Surgery to treat cervical cancer can affect your ability to have children. One of the benefits of surgery in young women is that sometimes their ovaries can be left. This keeps them from going through menopause at an early age. Talk with your provider about your treatment options and if you want to have children in the future.
Radiation Therapy
Radiation therapy is the use of high-energy x-rays to kill cancer cells. Radiation may be used:
- As the main treatment for cervical cancer.
- After surgery to kill any cancer cells left in your body.
- With chemotherapy (called concurrent chemoradiation), with the thought that the chemotherapy helps the radiation work better.
- To treat cervical cancer that has spread or that has come back after treatment (recurrent).

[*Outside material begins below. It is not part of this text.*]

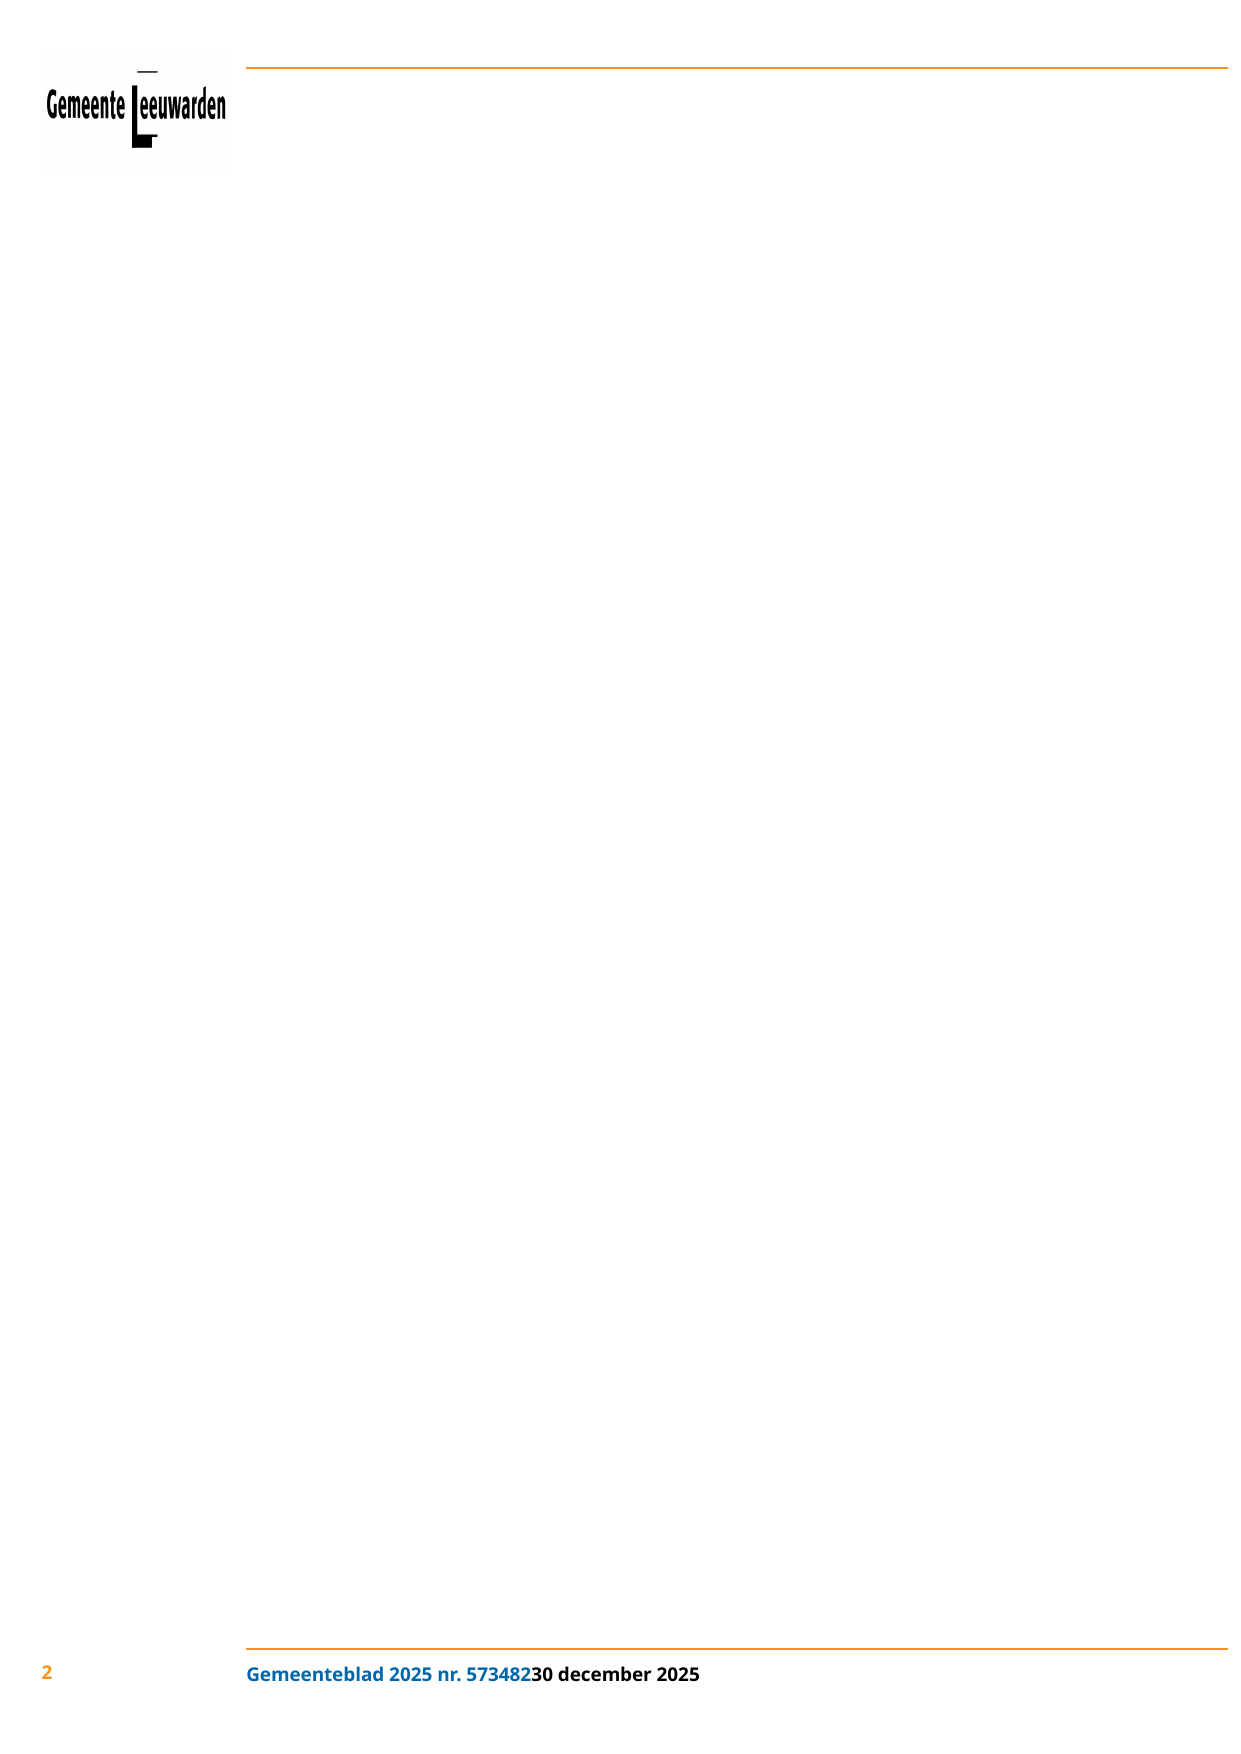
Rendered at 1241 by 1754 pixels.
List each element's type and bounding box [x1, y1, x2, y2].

picture [41, 47, 231, 172]

Radiation therapy for cervical cancer either comes from an external source (outside of the patient, called external beam radiation) or an internal source (inside the patient, known as brachytherapy). The type of radiation depends on the stage and type of tumor. Talk with your care team about whether radiation will be used in your treatment plan.
Chemotherapy
Chemotherapy is the use of anti-cancer medications to kill cancer cells. Not every case of cervical cancer will need chemotherapy.
Chemotherapy can be given:
- At the same time as radiation (concurrent chemoradiation). Examples are cisplatin, 5-fluorouracil (5-FU), or carboplatin.
- For cervical cancer that has spread or come back. Examples are cisplatin, carboplatin, paclitaxel, topotecan, docetaxel, ifosfamide, 5-fluorouracil (5-FU), irinotecan, gemcitabine, and mitomycin.
Targeted Therapy
Targeted therapy medications attack certain genes and proteins found on cancer cells. Your tumor may be tested for certain genetic markers that can be treated with targeted therapy medications. Targeted therapy medications used for cervical cancer are bevacizumab and tisotumab vedotin-tftv. There are more targeted therapies being studied in clinical trials.
Immunotherapy
Immunotherapy is the use of a person's own immune system to kill cancer cells. An example of an immunotherapy medication that may be used to treat cervical cancer is pembrolizumab. Your tumor may need to be tested to make sure immunotherapy medications will work for you.
Clinical Trials
You may be offered a clinical trial as part of your treatment plan. To find out more about current clinical trials, visit the OncoLink Clinical Trials Matching Service.
Making Treatment Decisions
Your care team will make sure you are included in choosing your treatment plan. This can be overwhelming as you may be given a few options to choose from. It feels like an emergency, but you can take a few weeks to meet with different providers and think about your options and what is best for you. This is a personal decision. Friends and family can help you talk through the options and the pros and cons of each, but they cannot make the decision for you. You need to be comfortable with your decision – this will help you move on to the next steps. If you ever have any questions or concerns, be sure to call your team.